To compare the classification performance of each of these methods, short‐read data were simulated from the reference database using wgsim ( https://github.com/lh3/wgsim) for 10, 50, or 100 randomly selected taxa with five rounds of repetition. Reads were classified to lowest common genus and order. In general, Centrifuge has a higher true‐positive rate or sensitivity than the other two methods (Fig. 3). That is, Centrifuge correctly identified more of the known taxa in nearly every case than did Kraken or MegaBLAST. However, Kraken appears to be generally more conservative (Fig. 3), having the highest precision (fewest false positives relative to total classifications made). MegaBLAST ranked lowest in all of these tests, with relatively high rates of false positives and low rates of true positives.

Figure 3.

Figure 3

Plant community metagenomics simulation taxonomic classification performance. Metagenomic data simulated from data for 10, 50, or 100 species (×5 repetitions each) were analyzed by Kraken, Centrifuge, and MegaBLAST. Performance was measured by the sensitivity (true‐positive rate [TPR = TP/(TP + FN)]) for classifications made to genera (A) and orders (B), and by precision (positive predictive value [PPV = TP/(TP + FP)]) for classifications made to genera (C) and orders (D). Accuracy for all instances is close to 1 and is not shown here because there are >100,000 taxa represented in the reference database and the vast majority are predicted to be absent in all samples. TP = true positive; FP = false positive; FN = false negative.

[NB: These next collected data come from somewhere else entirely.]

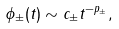<formula> <loc_0><loc_0><loc_500><loc_500>\phi _ { \pm } ( t ) \sim c _ { \pm } t ^ { - p _ { \pm } } ,</formula> 
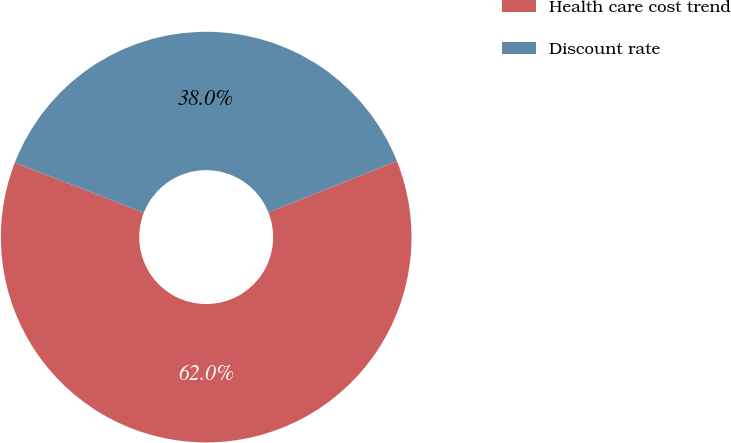Convert chart to OTSL. <chart><loc_0><loc_0><loc_500><loc_500><pie_chart><fcel>Health care cost trend<fcel>Discount rate<nl><fcel>61.96%<fcel>38.04%<nl></chart> 
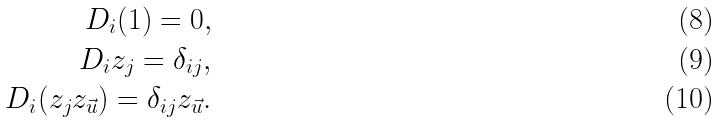<formula> <loc_0><loc_0><loc_500><loc_500>D _ { i } ( 1 ) = 0 , \\ D _ { i } z _ { j } = \delta _ { i j } , \\ D _ { i } ( z _ { j } z _ { \vec { u } } ) = \delta _ { i j } z _ { \vec { u } } .</formula> 
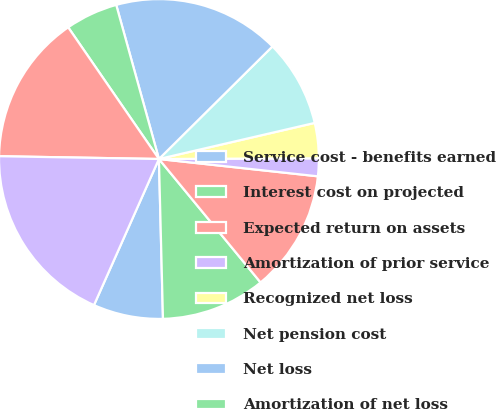Convert chart to OTSL. <chart><loc_0><loc_0><loc_500><loc_500><pie_chart><fcel>Service cost - benefits earned<fcel>Interest cost on projected<fcel>Expected return on assets<fcel>Amortization of prior service<fcel>Recognized net loss<fcel>Net pension cost<fcel>Net loss<fcel>Amortization of net loss<fcel>Total<fcel>Total recognized as net<nl><fcel>7.06%<fcel>10.56%<fcel>12.31%<fcel>1.8%<fcel>3.55%<fcel>8.81%<fcel>16.87%<fcel>5.3%<fcel>15.12%<fcel>18.62%<nl></chart> 
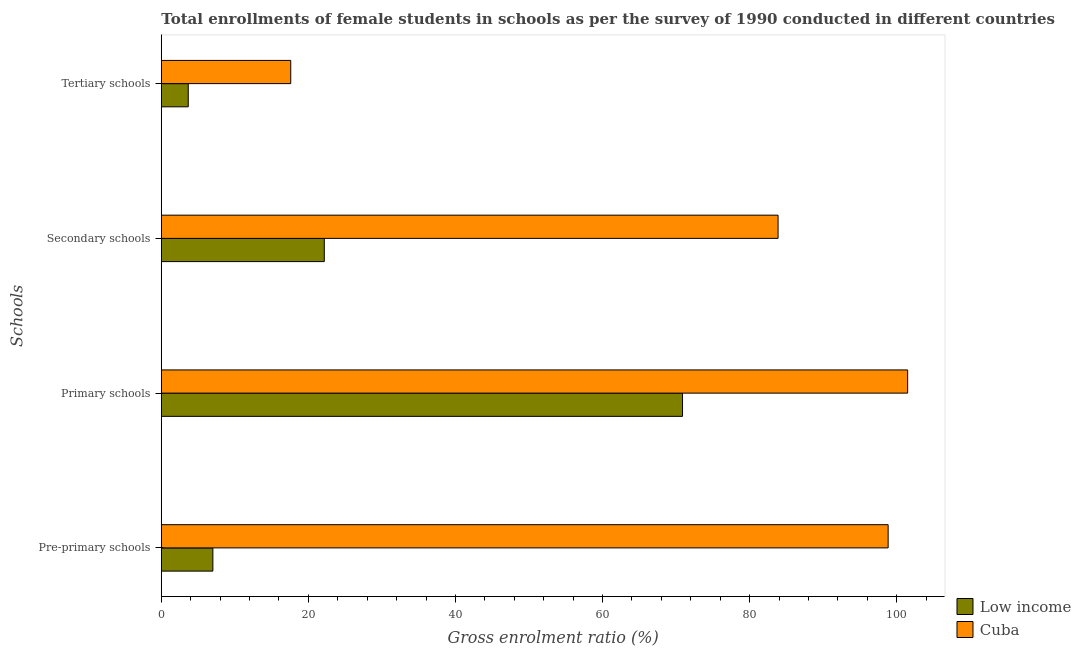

Soil metagenomic data from the North American Ice‐Free Corridor (IFC) were reanalyzed with Kraken, Centrifuge, and MegaBLAST with the plant‐specific reference database described here, and genera were classified as “present” if more than 0.1% of all classified reads were unambiguously classified to that genus. In general, the total number of genera identified by MegaBLAST was much higher than for Kraken and Centrifuge (Fig. 4). For Kraken and Centrifuge, there was no clear pattern as to which method routinely predicted higher or lower generic diversity (Fig. 4). No trend in generic diversity through time was observed for either lake series (Fig. 4).

Figure 4.

Figure 4

Generic diversity identified by Centrifuge, Kraken, and MegaBLAST in ancient DNA soil metagenomic data. Total genera counts are the number of genera with greater than 0.1% of classified reads mapping to a genus by each of the three methods tested here for sedimentary ancient DNA samples from the Charlie Lake and Spring Lake series from Pedersen et al. (2016).

DISCUSSION

Reanalysis of the North American IFC soil metagenome sequence data performed with Kraken, Centrifuge, and MegaBLAST yielded broadly comparable results to those published using HOLI (Fig. 5; Pedersen et al., 2016). Soil shotgun metagenome sequence data dating back to 12,810 yr before present (BP) (Pedersen et al., 2016) yielded reads that could be classified to plants in our reference database at a rate of less than 1.5% of the total unique, quality‐controlled reads (Fig. 2). The number of genera identified by each of the three methods tested supports the idea that MegaBLAST has issues with high false‐positive rates when classifying short‐read data (Figs. 3 and 4). This is not surprising as MegaBLAST was not designed for classifying very short molecules (Zhang et al., 2000) and was included in this study as a “straw‐man” baseline method. There are many plant taxa identified by the three methods tested here and HOLI (Pedersen et al., 2016) that are ecologically important in the successional vegetation of the IFC (Fig. 5). However, the occurrence pattern through time of some of these taxa depends on which classification method is employed (Fig. 5).

Figure 5.

Figure 5

Representative expected genera identified from North American Ice‐Free Corridor sedimentary DNA. A heat‐map of binary presence/absence predictions for representative and/or ecologically indicative genera (Populus, Salix, Artemisia, Pinus, Picea, Elymus, Hordeum, Potamogeton, and Ceratophyllum) from the combined Spring Lake and Charlie Lake sedimentary ancient DNA series. Presence determination is based on results from analysis with Kraken, Centrifuge, MegaBLAST, and the original results from Pedersen et al. (2016) using HOLI. These genera also exhibit varying degrees of agreement between methods (e.g., only Kraken and MegaBLAST classify reads to Picea for more than one sample occurring before 9300 yr BP vs. all methods agree on the occurrence of Ceratophyllum).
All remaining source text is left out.